Consider all the cases.

EXPLANATION:

It is obvious, that for some time players will move closer to each other and then some different scenarious could happen. After that they would change their x coordinate and move back, but this happens not in each game.

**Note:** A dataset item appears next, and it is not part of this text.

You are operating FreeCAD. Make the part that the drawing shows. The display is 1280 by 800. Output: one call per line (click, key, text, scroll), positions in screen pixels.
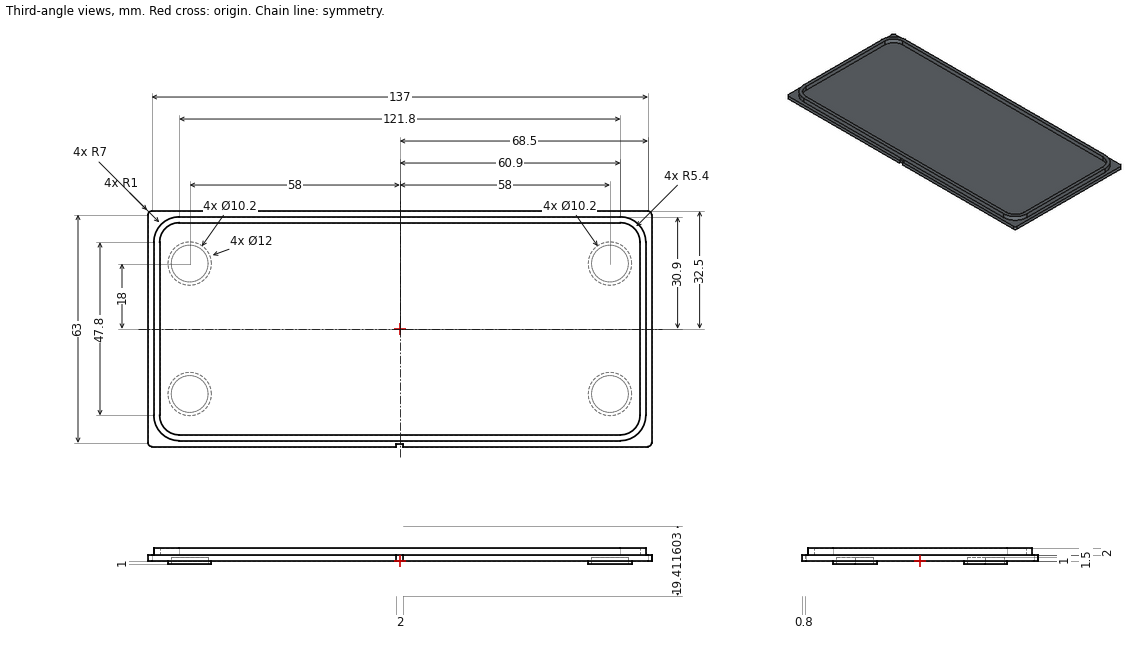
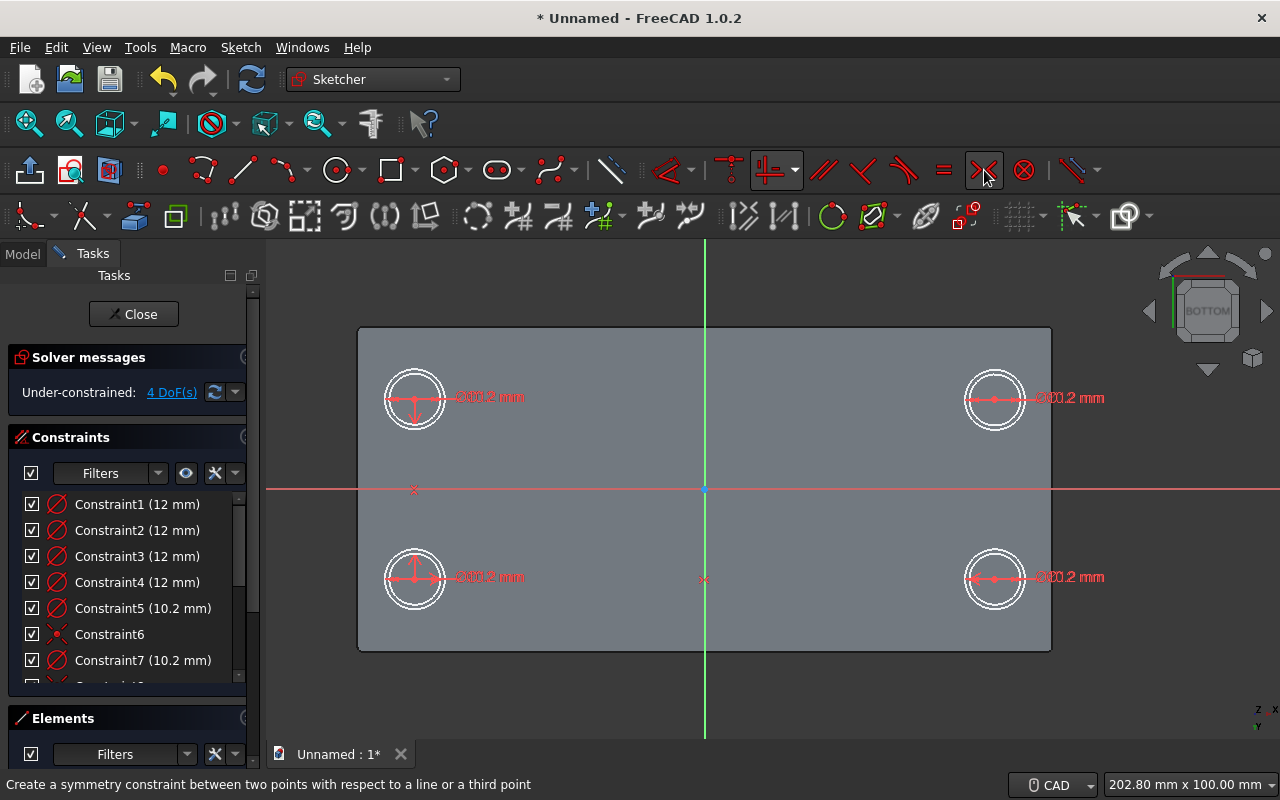
click(995, 579)

Let’s solve different problems for cases when x_1=x_2 and x_1 \neq x_2. Also let’s make first player to the left of the second, simply reversing the grid.

Solution for x_1 = x_2:

Let the middle between them be pos = \lfloor \frac{y_1 + y_2}{2} \rfloor. Now just compare 2 \cdot pos with 2 \cdot (N - pos). If it is less than 2 \cdot (N - pos), first player wins, if equal the game will end with draw. Second player wins otherwise.

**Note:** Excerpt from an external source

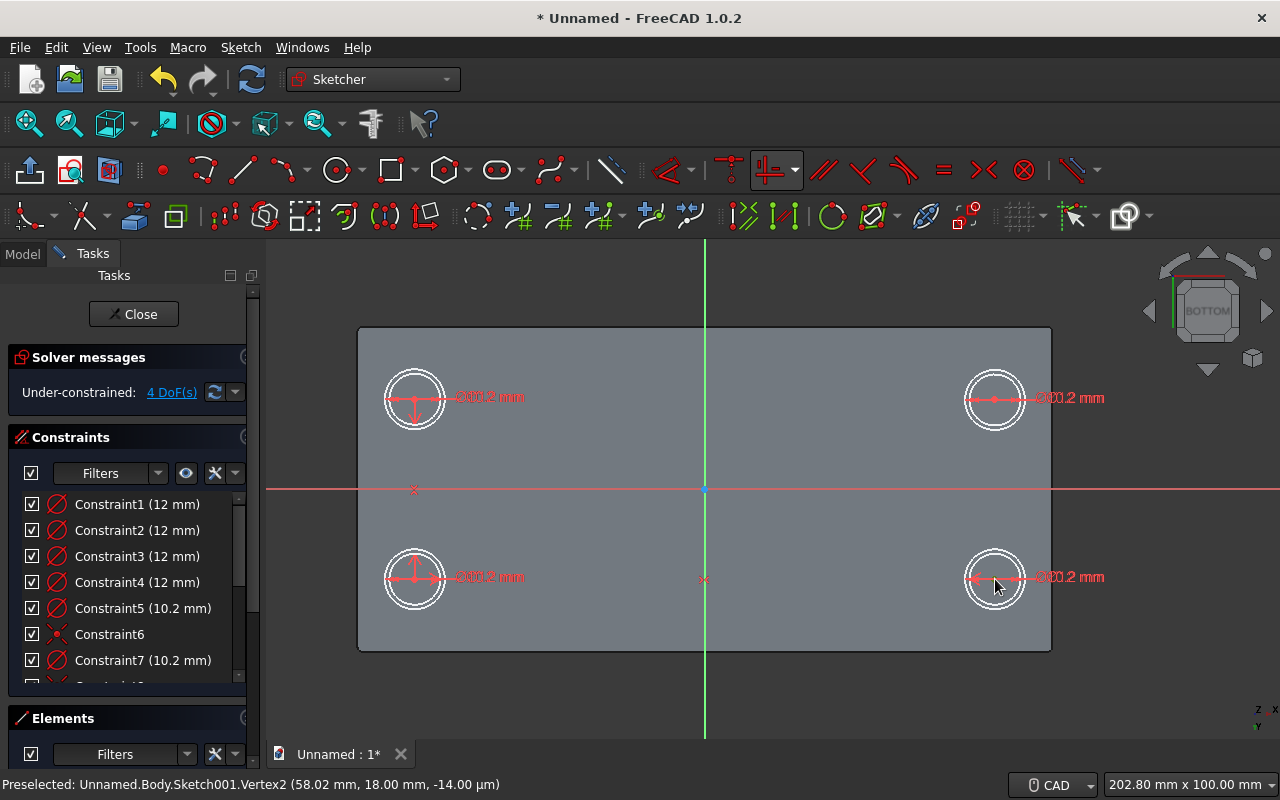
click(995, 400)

Solution for x_1 \neq x_2:

If y1=y2, the result is draw.
If they stay on one diagonal, i.e y_2 - y_1 = 1, than first player can win by moving by x coordinate, or can make a draw moving to the right by y coordinate. Second player can’t win in this case. So let’s compare 2 \cdot y_1 with 2 \cdot (N - y_1).
In the last case, let’s move them to the middle of the distance between them. Let D = y_2 - y_1 - 2. Now, let’s move the first player to the right on \lceil \frac{D}{2} \rceil. And the second to the left on \lfloor \frac{D}{2} \rfloor. Now, the first player can win if his potential number of visited cells is already enough to win. So the first player wins if 2 \cdot y_1 > 2 \cdot (N - y_1). The same for the second player, he could change his plan to move to the middle and change x coordinate on his last chance. Let’s compare if 2 \cdot (y_1 + 1) < 2 \cdot (N - y_1 - 1). Otherwise, he is ready for draw as the first player.

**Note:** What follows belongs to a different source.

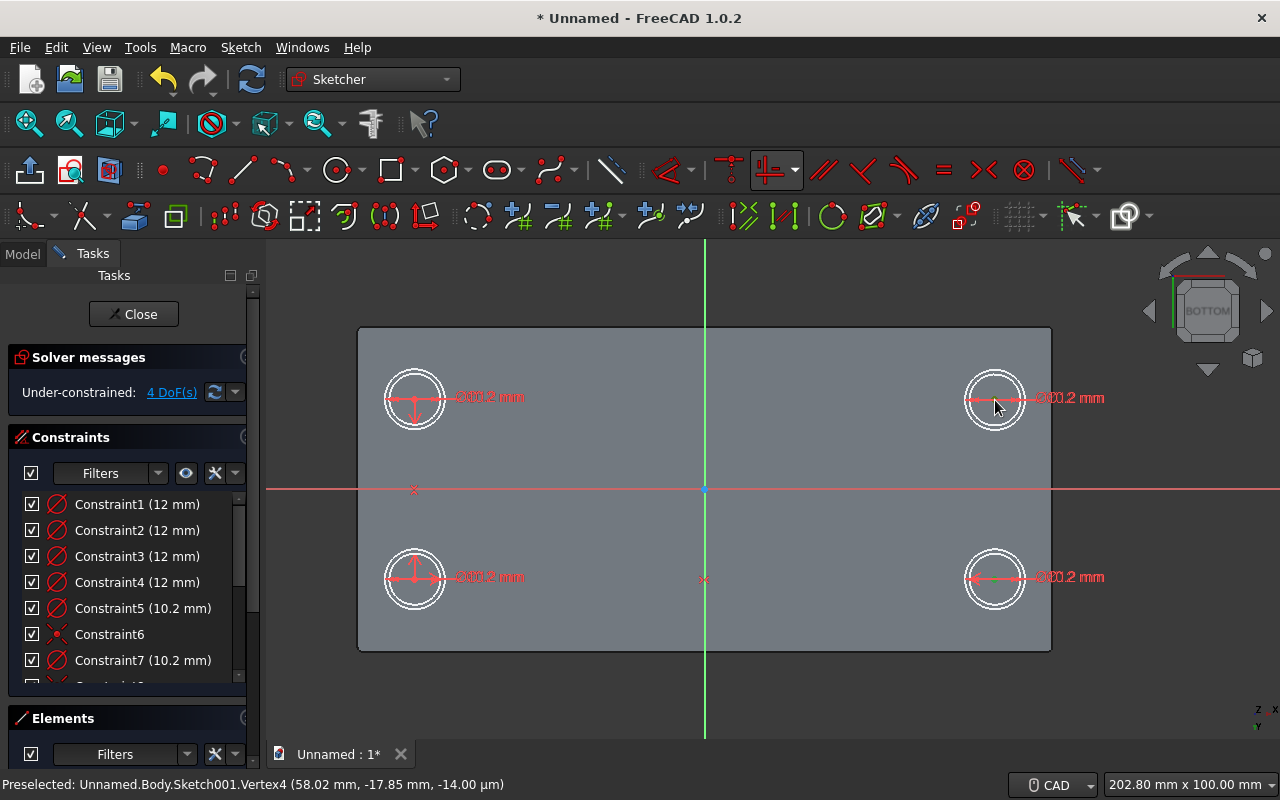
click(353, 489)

AUTHOR’S AND TESTER’S SOLUTIONS:

Author’s solution can be found here.
Tester’s solution can be found here.

sonu_628 · August 21, 2017, 12:45am

Can someone suggest some corner cases for this problem

Here me WA solution

rathi_22 · August 21, 2017, 1:45pm

@sonu_628

Input:
1
4 1 2 2 4

Expected Output:
Draw

Your Output:
Miron

It would be really helpful if someone could help me out similarly.

My WA solution.

vashisth11 · August 21, 2017, 4:13pm

@rathi_22

6 1 6 2 3

Expected : Draw

Yours : Slava

bvineeth2 · August 23, 2017, 1:10pm

for the case N=5, {x1,y1} = { 1,2} ; and {x2,y2} = {1,4} .

Pos = 3.

Hence 2⋅pos > 2⋅(N−pos) , which according to the editorial should mean player 2 won, which is not the right answer!! Can some help ?!

@hloya_ygrt

supriyanta · August 24, 2017, 1:20am

why do we multiply every time by 2. like here 2⋅y1 > 2⋅(N−y1) .why didn’t we write like this y1> (N−y1) ???

ishacse · August 24, 2017, 10:58pm

If n = 5, and coordinates of the players are (1,1) and (1,3) -> player 2 should win, but with above equation player 1 is going to win. Please explain.

deepcpp · September 14, 2017, 11:26pm

@admin

The author’s solution and tester’s solution links are broken.

meooow · September 16, 2017, 1:22am

I think it’s a typo.

meooow · September 16, 2017, 3:27am

In case it helps anyone, I have written an alternate approach here.